What message has this life for us to-day, we the commonplace, the mediocre, the unknown to fame and fortune? Shall we fold our hands when we read of such heroes and say, "Ah, yes, he could be great, but I? I am weak and humble, I have not the opportunity?" Who was more humble than the poor boy spinning in the cotton-mill; who was less constrained by Fortune's frowns than the humble missionary? His life brings to us the message of doing well with that little we have.
We cannot all be with Peary at the North Pole, nor die the death of the hero, Scott, on the frozen Antarctic continent. It is not given to us to be explorers; it is not given us to be pioneers; we may not discover vast continents, name great lakes, nor gaze with wonder-stricken eyes upon the rolling of a mighty unknown river. But to each and all of us comes the divine opportunity to carve for himself a niche, be it ever so tiny, in the memories of men. We can heed the admonition of Carlyle, "Be no longer a Chaos, but a World, or even a Worldkin. Produce! Produce! Were it but the pitifullest infinitesimal fraction of a Product, produce it in God's name! 'Tis the utmost thou hast in thee, out with it then!"

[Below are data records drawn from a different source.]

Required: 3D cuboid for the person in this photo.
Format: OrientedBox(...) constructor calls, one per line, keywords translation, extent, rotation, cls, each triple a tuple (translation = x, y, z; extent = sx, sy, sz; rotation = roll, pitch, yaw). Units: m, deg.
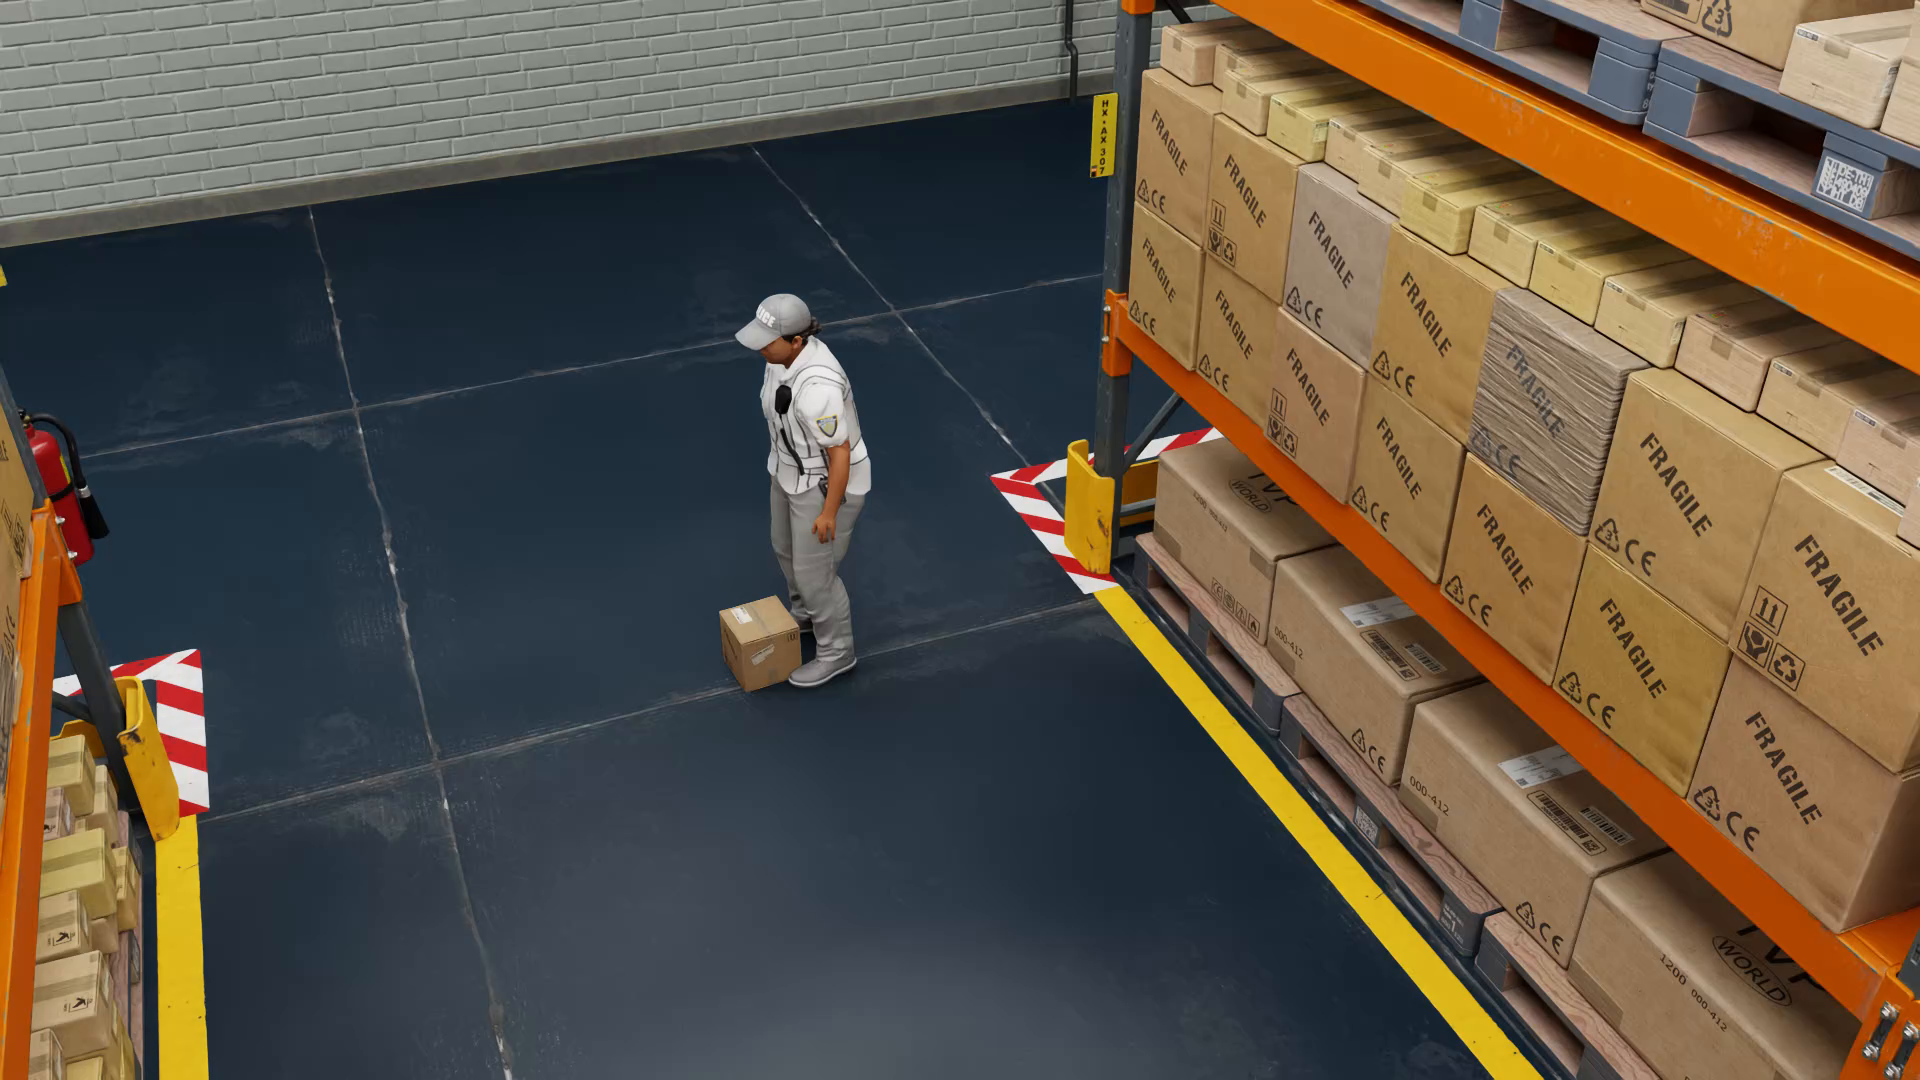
OrientedBox(translation=(-0.607, -0.214, 6.456), extent=(0.469, 1.666, 0.563), rotation=(-15, 37, -22), cls="person")
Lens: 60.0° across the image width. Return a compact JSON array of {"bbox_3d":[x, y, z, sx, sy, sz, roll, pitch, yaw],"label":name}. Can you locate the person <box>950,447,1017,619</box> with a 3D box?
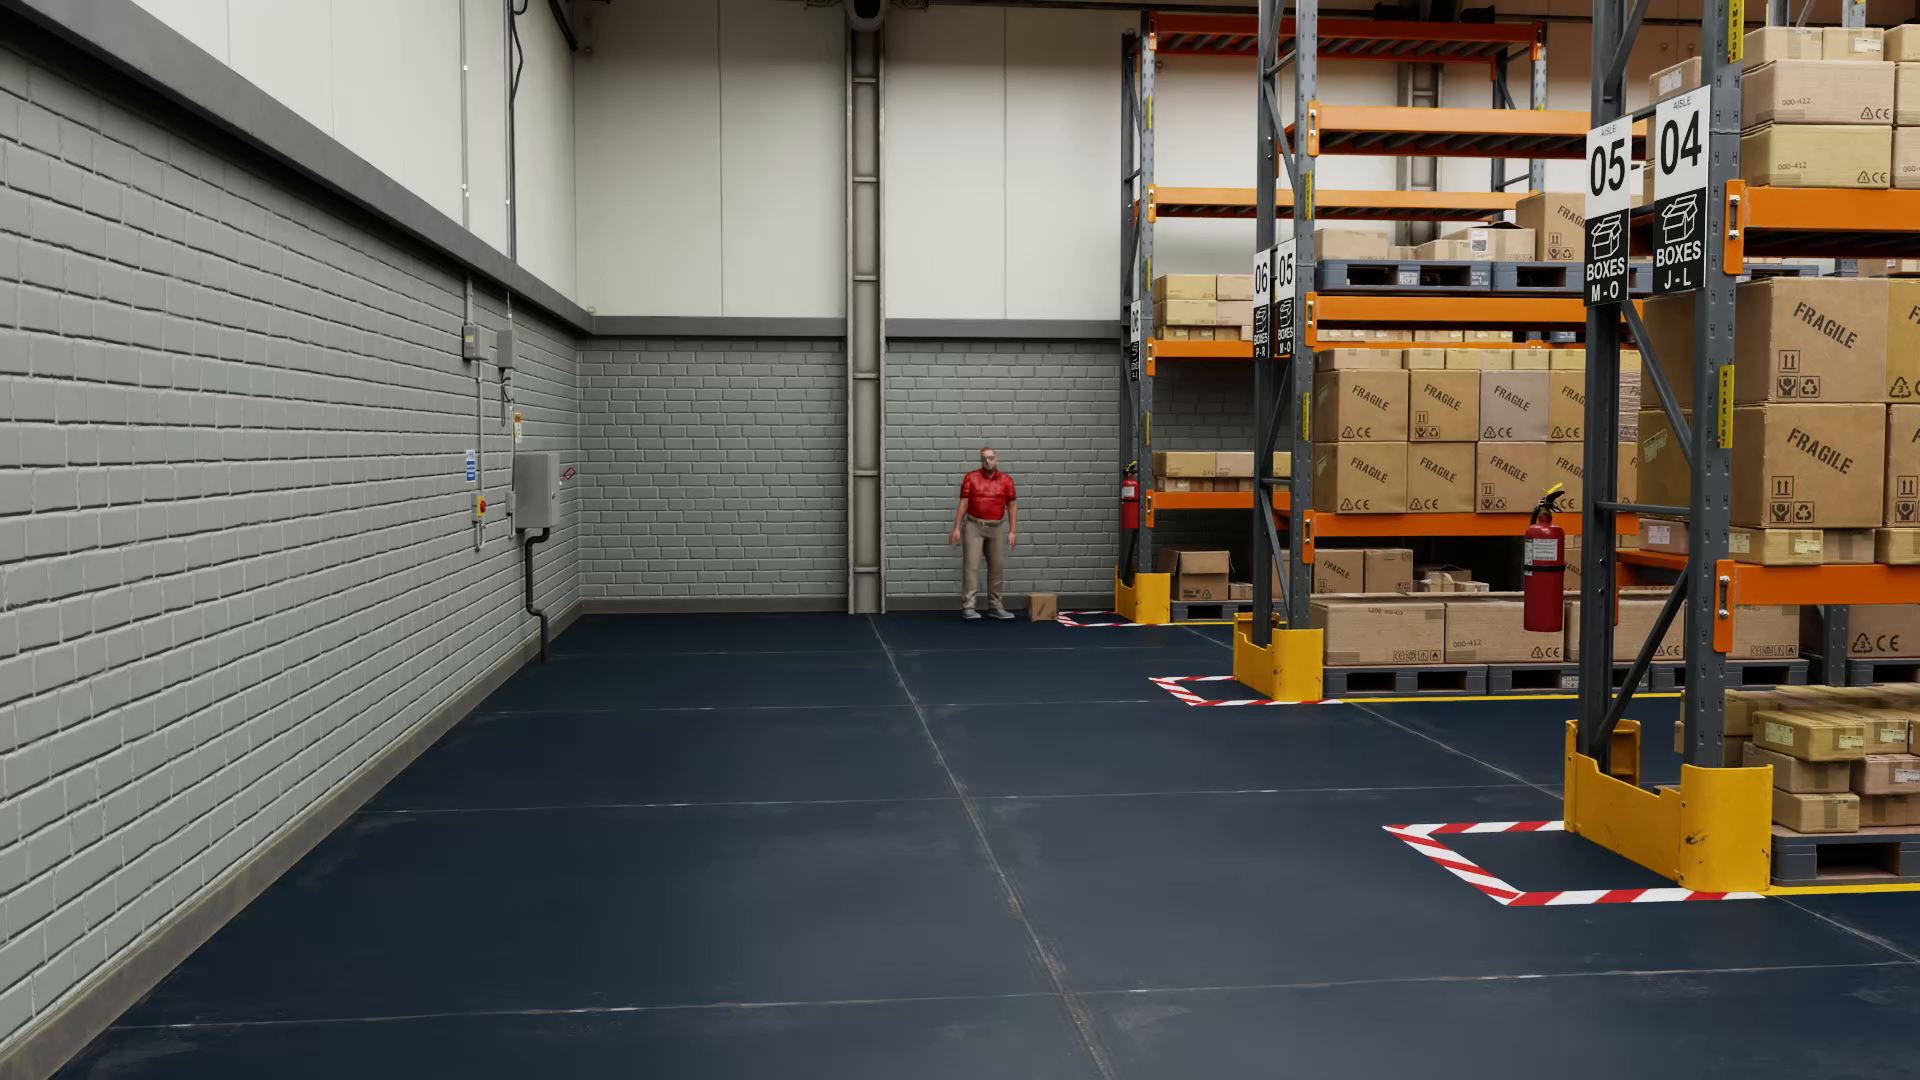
[{"bbox_3d":[0.250,-0.063,16.573,0.682,1.731,0.528,-1,3,-12],"label":"person"}]
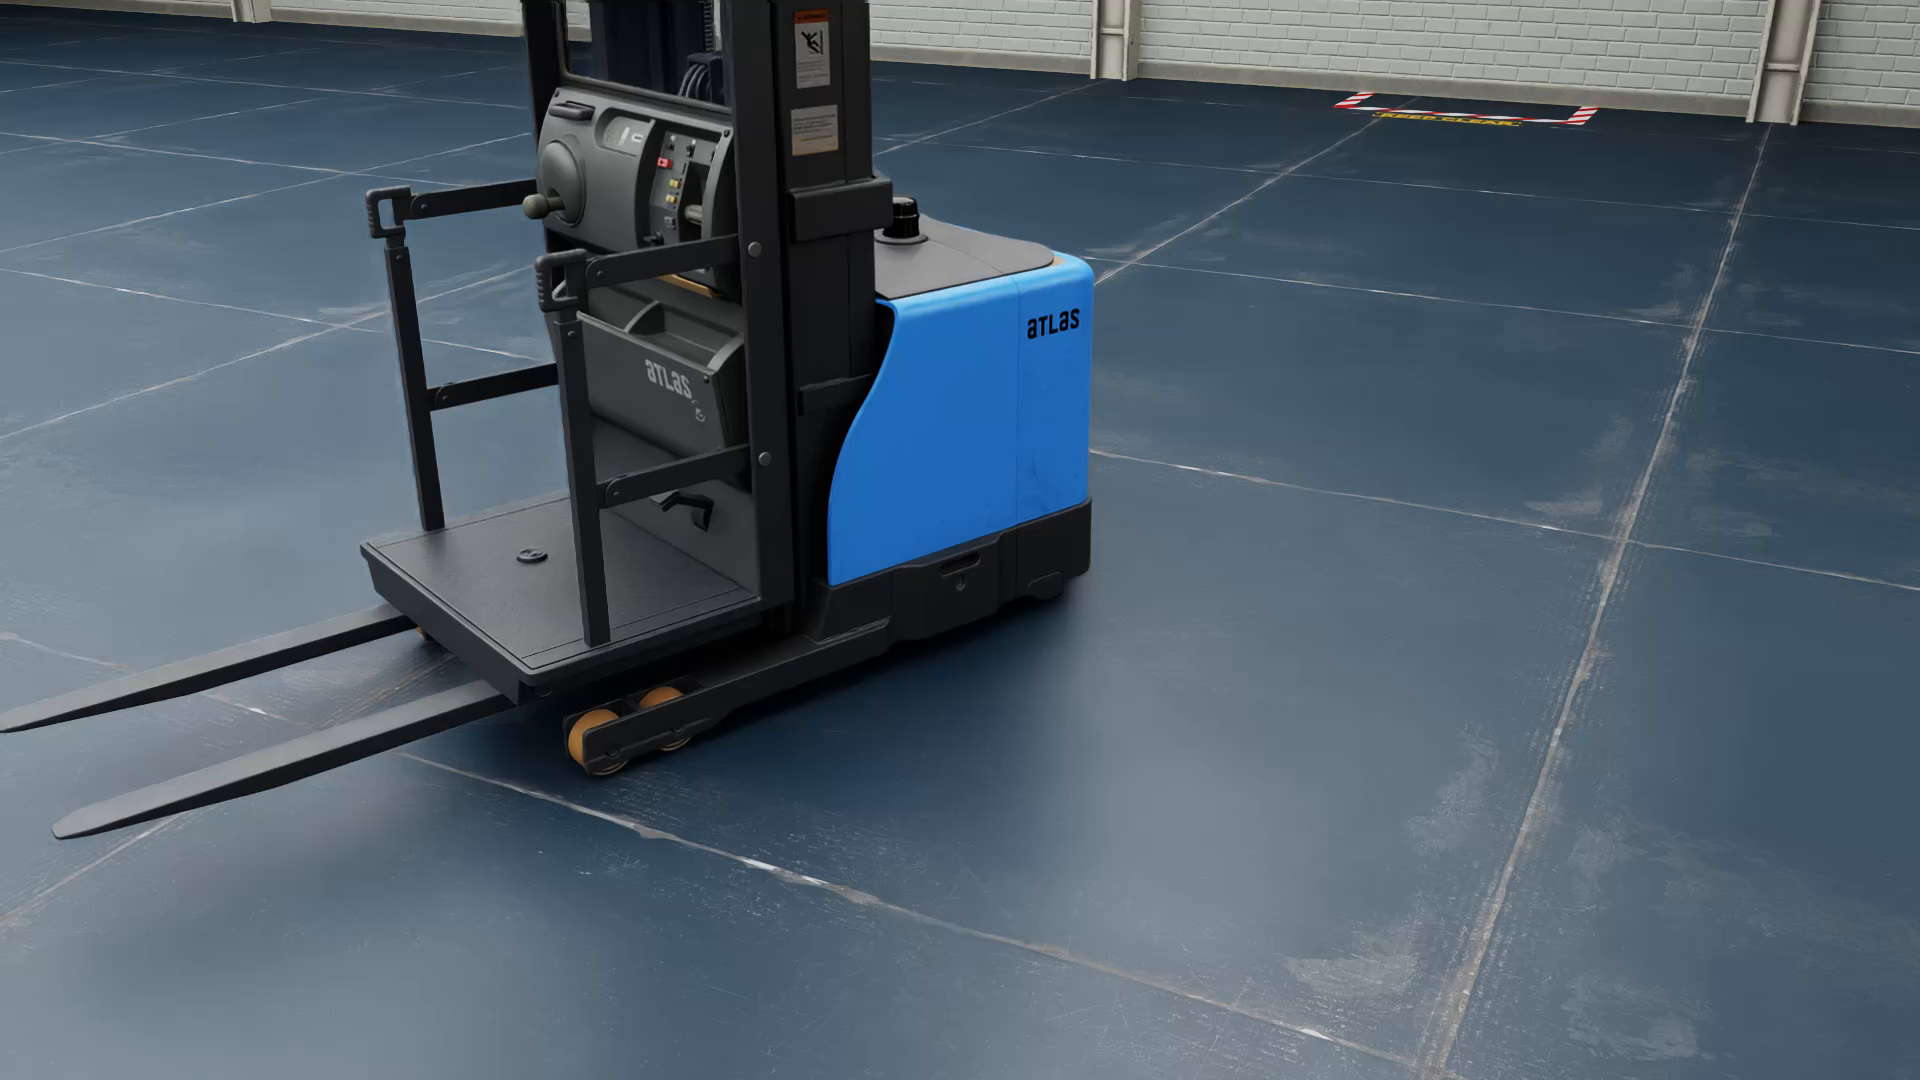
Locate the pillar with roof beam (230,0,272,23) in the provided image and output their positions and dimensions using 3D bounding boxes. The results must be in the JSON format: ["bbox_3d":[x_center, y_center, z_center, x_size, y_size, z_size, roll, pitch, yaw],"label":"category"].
[{"bbox_3d":[-11.112,-9.372,16.288,0.400,9.000,9.100,11,25,25],"label":"pillar with roof beam"}]

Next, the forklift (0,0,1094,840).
[{"bbox_3d":[-1.034,-0.971,4.288,3.031,2.935,1.130,-18,29,-36],"label":"forklift"}]

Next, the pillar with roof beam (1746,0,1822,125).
[{"bbox_3d":[4.952,-6.193,8.814,0.400,9.000,9.100,11,25,25],"label":"pillar with roof beam"}]

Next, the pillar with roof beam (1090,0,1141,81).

The life of service; the life of unselfish giving—this must Livingstone's life mean to us. Unselfish, ungrudging lavishing of life and soul, even to the last drop of heart's blood. Service that does not hesitate because the task seems small, or the waiting weary; service that does not fear to be of no account in the eyes of the world. Truly, indeed, might Wordsworth's apostrophe to Milton be ascribed to him:
"Thy soul was like a star and dwelt apart;
Thou hadst a voice whose sound was like the sea;
Pure as the naked heavens, majestic, free,
So didst thou travel on life's common way
In cheerful godliness, and yet thy heart
The lowliest duties on itself did lay."
EDUCATION FOR MANHOOD[48]
By Kelly Miller
We must keep clearly in mind the proposition that the educational process is always under domination of contemporary opinion. The education prescribed for any class is likely to be conditioned upon the presumed relationship of that class to the social body. When woman was regarded as an inferior creature, whose destiny was to serve as a tool and plaything of man, she was accorded only such education as would fit her for this subsidiary function. Any other training was regarded as unnecessary and mischievous. It is only within comparatively recent times, when man began to realize the essential human quality and powers of the female sex, and deemed it not mockery to place her on the same footing with himself, that the comprehensive education of woman has become a possibility.
The traditional relation of the American Negro to the society of which he forms a part is too well known to need extensive treatment in this connection. The African slave was introduced into this country as a pure animal instrumentality to perform the rougher work under dominion of his white lord and master. There was not the remotest thought of his human personality. No more account was taken of his higher qualities than of the higher susceptibilities of the lower animals. His mission was considered to be as purely mechanical as that of the ox which pulls the plow. Indeed, his human capabilities were emphatically denied. It was stoutly contended that he did not possess a soul to be saved in the world to come nor a mind to be enlightened in the world that now is. Under the dominion of this dogma, education was absolutely forbidden him. It became a crime even to attempt to educate this tertium quid which was regarded as little more than brute and little less than human. The white race, in its arrogant conceit, constituted the personalities and the Negro the instrumentalities. Man may be defined as a distinction-making animal. He is ever prone to set up barriers between members of his own species and to deny one part of God's human creatures the inalienable birthright vouchsafed to all alike. But the process was entirely logical and consistent with the prevailing philosophy.
The anti-slavery struggle stimulated the moral energy of the American people in a manner that perhaps has never had a parallel in the history of vicarious endeavor. "One touch of nature makes the whole world kin." In dealing with fundamental principles of human rights and human wrongs involved in the issue of slavery, these moral reformers found that the Negro was a human being, endowed with heart and mind and conscience like as themselves; albeit these powers of personality had long been smothered and imbruted by centuries of suppression and harsh usage. These philanthropists believed in the essential manhood of the Negro. This belief was the chief dynamic of their endeavor. Upon this foundation they not only broke the Negro's chain, but clothed him with political and civic prerogative as an American citizen. They established schools and colleges and universities for him because they believed in his higher susceptibilities. To-day we are almost astounded at the audacity of their faith. They projected a scheme of education comparable with the standards set up for the choicest European youth for a race which had hitherto been submerged below the zero point of intelligence. These schools and colleges founded and fostered on this basis were the beginnings of the best that there is in the race and the highest which it can hope to be.